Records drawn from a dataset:
════════

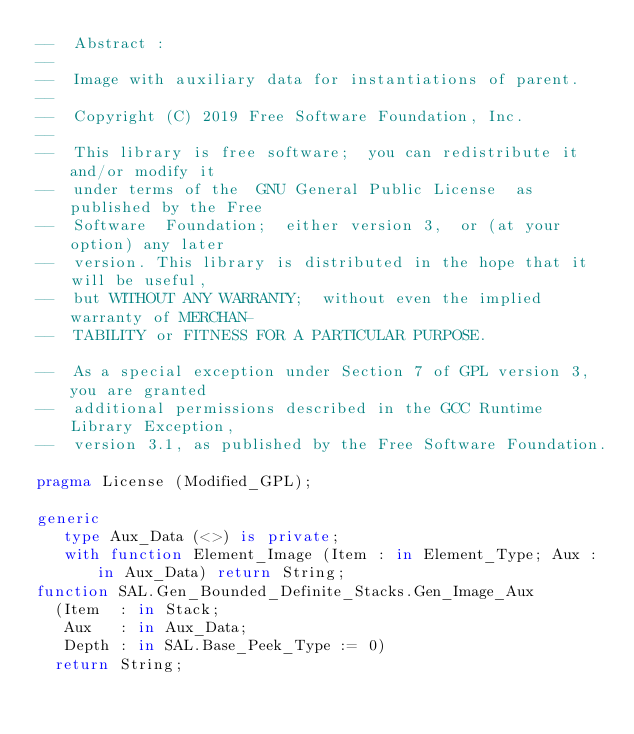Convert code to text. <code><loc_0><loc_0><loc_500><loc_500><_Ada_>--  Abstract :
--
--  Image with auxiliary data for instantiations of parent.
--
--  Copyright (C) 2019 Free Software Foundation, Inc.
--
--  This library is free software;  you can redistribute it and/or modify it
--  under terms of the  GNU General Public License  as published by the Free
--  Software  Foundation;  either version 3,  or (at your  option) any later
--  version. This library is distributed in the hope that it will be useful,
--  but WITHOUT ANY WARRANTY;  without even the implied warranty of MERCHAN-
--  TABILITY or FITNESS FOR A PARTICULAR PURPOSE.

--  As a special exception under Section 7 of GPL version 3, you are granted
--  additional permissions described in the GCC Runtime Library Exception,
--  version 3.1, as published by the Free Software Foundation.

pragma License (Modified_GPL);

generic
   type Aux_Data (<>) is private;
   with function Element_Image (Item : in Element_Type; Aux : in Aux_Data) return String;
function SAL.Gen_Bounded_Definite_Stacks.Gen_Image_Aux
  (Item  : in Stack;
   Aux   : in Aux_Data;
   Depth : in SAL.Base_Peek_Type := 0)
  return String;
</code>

════════

| WHAT IS NEEDED |
Copy each line of the data that includes the word "String".

| EXPECTED ANSWER |
   with function Element_Image (Item : in Element_Type; Aux : in Aux_Data) return String;
  return String;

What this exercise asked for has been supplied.